I moved carefully, mindful of my foot placement and finger holds. Twenty feet later that face just came to an end. There was nothing beyond it. The sheer rock angled backwards with no ledge and no vines I could swing on. I could go no further. Still I felt superior. I had done something my brothers had not done, probably something no other white person had done, maybe even in that vast continent I had gone where no other human had gone before.

I started back. I knew how to do it. I had been that way before. Step by step, handhold-by-handhold, I made my way back to the vine. I tested it again to make sure it would still hold me, and then swinging out over the river I tried to get back to the ledge on the first face. But instead of going back to the first face I was further down on the second.

A vine growing from trees over the second face did not like to be forced to go to a cliff that is farther out and not in its line. No matter how I tried I could not get back. Hanging onto the vine I curled up with my knees tucked under my chin and thrust hard with my leg. I swung out over the water. I stretched out my arm trying to grab the wall, but all I did was scratch my hand. I tried getting right against the break in the wall and with one hand hanging on to the vine while reaching back with the other, but the moment my feet left the ledge I swung further away. I tried hanging on to the vine and reaching to the first face with my foot, but even when my brother bravely caught my foot, I couldn’t pull myself around.

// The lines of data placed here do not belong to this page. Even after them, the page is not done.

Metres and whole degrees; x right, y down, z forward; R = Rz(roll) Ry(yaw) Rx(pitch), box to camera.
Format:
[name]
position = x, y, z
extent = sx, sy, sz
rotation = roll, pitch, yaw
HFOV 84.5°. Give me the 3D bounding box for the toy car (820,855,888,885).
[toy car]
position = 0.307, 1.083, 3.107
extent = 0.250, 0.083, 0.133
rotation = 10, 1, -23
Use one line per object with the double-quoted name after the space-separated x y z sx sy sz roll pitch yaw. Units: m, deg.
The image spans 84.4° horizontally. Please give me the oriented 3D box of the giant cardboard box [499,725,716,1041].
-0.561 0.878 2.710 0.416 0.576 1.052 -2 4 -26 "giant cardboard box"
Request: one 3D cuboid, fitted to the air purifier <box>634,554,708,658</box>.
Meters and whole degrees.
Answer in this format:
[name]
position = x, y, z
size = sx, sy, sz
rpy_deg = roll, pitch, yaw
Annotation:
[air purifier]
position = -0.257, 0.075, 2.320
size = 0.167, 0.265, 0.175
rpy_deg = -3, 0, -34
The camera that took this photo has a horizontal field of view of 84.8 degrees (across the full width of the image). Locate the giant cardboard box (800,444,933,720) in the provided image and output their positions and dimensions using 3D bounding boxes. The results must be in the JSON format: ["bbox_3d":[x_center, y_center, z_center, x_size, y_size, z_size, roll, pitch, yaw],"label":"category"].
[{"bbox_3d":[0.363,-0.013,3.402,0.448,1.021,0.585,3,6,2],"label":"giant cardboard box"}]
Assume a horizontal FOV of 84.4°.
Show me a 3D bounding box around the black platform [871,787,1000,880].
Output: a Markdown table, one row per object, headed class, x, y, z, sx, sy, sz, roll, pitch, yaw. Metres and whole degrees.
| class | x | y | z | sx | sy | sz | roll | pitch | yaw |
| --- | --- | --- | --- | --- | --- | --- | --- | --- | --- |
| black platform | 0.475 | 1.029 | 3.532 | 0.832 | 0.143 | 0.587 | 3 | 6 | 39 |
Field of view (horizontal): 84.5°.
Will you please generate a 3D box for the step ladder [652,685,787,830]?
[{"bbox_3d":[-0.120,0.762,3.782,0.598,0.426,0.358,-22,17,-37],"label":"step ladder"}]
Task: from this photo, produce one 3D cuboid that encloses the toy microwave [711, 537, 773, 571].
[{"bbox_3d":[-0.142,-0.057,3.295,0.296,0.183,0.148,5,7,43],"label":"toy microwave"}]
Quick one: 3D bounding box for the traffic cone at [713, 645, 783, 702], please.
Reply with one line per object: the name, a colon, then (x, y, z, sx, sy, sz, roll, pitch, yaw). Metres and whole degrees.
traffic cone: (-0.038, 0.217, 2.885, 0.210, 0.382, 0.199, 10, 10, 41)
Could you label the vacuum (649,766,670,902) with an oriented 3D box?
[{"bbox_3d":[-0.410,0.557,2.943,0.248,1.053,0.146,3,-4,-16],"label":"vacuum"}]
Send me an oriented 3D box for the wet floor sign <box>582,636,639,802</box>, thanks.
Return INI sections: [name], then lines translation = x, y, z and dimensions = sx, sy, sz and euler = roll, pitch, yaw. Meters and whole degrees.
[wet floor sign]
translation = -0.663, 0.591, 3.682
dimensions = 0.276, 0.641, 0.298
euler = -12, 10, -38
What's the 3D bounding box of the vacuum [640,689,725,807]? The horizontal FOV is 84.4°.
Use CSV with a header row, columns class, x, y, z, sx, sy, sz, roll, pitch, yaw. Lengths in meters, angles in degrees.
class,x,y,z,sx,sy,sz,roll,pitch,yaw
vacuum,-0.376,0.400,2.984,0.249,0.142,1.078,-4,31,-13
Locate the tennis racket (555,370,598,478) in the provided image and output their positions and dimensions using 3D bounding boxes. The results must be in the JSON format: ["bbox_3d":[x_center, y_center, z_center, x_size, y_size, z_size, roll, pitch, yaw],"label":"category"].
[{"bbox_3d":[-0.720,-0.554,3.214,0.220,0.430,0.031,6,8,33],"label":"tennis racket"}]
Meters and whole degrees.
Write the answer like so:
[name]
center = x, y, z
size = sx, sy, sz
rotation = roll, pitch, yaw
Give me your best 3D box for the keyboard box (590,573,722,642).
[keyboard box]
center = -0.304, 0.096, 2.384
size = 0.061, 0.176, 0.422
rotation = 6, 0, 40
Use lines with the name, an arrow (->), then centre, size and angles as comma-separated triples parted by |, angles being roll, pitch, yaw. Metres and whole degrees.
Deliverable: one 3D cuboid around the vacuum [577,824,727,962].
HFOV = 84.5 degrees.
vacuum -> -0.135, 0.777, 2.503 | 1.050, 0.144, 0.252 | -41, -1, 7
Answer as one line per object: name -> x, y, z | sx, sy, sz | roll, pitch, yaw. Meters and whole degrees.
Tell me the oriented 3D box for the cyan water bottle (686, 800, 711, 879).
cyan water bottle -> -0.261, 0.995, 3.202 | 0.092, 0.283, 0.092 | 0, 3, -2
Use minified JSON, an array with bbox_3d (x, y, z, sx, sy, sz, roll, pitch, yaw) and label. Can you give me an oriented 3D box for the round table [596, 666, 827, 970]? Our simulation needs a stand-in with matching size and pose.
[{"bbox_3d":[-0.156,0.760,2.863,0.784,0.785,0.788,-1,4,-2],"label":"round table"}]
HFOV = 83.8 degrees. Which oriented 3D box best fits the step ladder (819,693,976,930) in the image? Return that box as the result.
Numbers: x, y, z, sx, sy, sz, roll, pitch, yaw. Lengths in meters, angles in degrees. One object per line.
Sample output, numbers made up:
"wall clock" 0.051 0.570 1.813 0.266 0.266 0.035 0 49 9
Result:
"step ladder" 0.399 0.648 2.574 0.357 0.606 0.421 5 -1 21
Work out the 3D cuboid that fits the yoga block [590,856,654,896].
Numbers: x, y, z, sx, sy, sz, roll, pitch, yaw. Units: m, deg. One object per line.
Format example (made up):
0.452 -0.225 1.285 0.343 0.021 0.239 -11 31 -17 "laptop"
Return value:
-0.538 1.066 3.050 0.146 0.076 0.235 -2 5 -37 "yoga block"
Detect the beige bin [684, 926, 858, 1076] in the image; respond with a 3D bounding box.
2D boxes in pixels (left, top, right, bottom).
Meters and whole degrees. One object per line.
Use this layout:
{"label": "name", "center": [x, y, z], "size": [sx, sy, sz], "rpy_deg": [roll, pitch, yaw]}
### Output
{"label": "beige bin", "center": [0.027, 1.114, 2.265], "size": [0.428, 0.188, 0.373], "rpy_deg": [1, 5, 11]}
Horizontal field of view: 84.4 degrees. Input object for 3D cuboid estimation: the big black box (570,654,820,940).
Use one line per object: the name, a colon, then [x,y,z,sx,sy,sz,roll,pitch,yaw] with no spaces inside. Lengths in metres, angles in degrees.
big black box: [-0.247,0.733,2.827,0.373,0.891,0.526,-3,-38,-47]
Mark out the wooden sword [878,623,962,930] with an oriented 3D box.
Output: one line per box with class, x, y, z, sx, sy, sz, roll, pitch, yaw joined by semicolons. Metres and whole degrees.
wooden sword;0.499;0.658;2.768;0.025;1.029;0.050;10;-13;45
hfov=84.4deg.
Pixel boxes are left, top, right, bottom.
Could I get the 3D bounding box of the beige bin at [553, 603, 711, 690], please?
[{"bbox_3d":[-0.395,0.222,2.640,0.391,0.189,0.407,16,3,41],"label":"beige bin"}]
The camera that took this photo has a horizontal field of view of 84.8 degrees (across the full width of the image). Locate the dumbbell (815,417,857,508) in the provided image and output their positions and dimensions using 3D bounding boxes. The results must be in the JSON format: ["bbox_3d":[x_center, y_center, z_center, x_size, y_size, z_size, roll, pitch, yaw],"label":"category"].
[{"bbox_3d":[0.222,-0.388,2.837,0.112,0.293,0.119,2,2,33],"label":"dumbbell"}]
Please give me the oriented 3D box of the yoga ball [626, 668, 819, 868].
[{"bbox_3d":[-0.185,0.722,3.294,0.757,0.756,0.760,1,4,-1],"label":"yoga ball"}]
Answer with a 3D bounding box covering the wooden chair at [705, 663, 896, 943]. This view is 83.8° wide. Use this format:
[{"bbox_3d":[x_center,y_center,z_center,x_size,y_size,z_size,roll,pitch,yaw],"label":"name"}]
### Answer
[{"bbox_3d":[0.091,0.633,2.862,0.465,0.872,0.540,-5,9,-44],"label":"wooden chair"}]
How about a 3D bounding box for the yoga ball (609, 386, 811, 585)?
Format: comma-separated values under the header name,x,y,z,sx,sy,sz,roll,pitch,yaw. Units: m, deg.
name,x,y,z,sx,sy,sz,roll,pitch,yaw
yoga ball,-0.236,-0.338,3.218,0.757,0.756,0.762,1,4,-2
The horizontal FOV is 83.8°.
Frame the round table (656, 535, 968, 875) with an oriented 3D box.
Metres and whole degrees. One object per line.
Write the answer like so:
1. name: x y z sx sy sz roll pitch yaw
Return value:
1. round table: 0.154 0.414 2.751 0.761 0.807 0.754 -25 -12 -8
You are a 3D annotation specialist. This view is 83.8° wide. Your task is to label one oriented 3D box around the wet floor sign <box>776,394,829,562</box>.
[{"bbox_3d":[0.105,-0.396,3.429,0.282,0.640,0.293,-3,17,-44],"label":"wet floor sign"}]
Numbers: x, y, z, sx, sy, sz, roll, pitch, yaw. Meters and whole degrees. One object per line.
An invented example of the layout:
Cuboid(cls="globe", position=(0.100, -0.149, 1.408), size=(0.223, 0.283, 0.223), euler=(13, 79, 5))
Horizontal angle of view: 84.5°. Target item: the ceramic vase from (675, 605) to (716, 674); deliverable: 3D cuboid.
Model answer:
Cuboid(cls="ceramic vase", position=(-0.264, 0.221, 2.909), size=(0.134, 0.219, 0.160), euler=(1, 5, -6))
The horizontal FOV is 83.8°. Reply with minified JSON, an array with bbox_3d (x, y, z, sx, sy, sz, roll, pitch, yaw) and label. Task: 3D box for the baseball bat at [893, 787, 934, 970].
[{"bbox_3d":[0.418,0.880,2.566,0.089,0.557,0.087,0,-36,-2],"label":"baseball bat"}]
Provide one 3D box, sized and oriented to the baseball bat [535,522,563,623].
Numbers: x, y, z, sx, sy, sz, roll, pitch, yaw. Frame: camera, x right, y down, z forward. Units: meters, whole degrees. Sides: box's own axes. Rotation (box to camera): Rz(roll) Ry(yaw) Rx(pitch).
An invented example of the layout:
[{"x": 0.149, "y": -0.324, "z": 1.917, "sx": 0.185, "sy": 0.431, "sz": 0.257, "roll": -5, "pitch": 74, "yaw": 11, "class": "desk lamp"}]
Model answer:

Little by little the truth came to me. I would never get back. I would die on that ledge or fall into the roaring river below to have my body beat against the boulders until what was left of me would be carried to where the river finally flowed gently emptying into a placid lake where the crocodiles would eat what was left of me. There was only one thing left to do and that was to start to cry with fear and frustration.

My brothers and sisters left me then, my sister in the lead. They were leaving me to die all alone. I clung to the cliff face, forgetting about the vine. There was no one there to catch me even if I was able to swing around to the other face. And then above the roar of the river I heard my sister say, “The others went to get Dad.”

With my face against the cliff I couldn’t see her, but she kept talking to me. No, not talking, shouting to be heard above the thunder of the river. “Dad will be here soon.”

I expected her to say, “I told you not to go there,” but she didn’t, just kept shouting encouragement to me until I finally heard the words, “Daddy’s here.”

There was a quiet for a while as she went back to make way for him to get to me, quiet except for the thundering of the water. I was still crying with fear and I can’t say I was overwhelmed with expectation. I was glad that he would soon be there, but what could he do? He was my father, not Uncle Eddie. Yet when I heard the voice say, “How are you doing, Son?” the tears just seemed to stop. I didn’t really answer him, just nodded my head a little.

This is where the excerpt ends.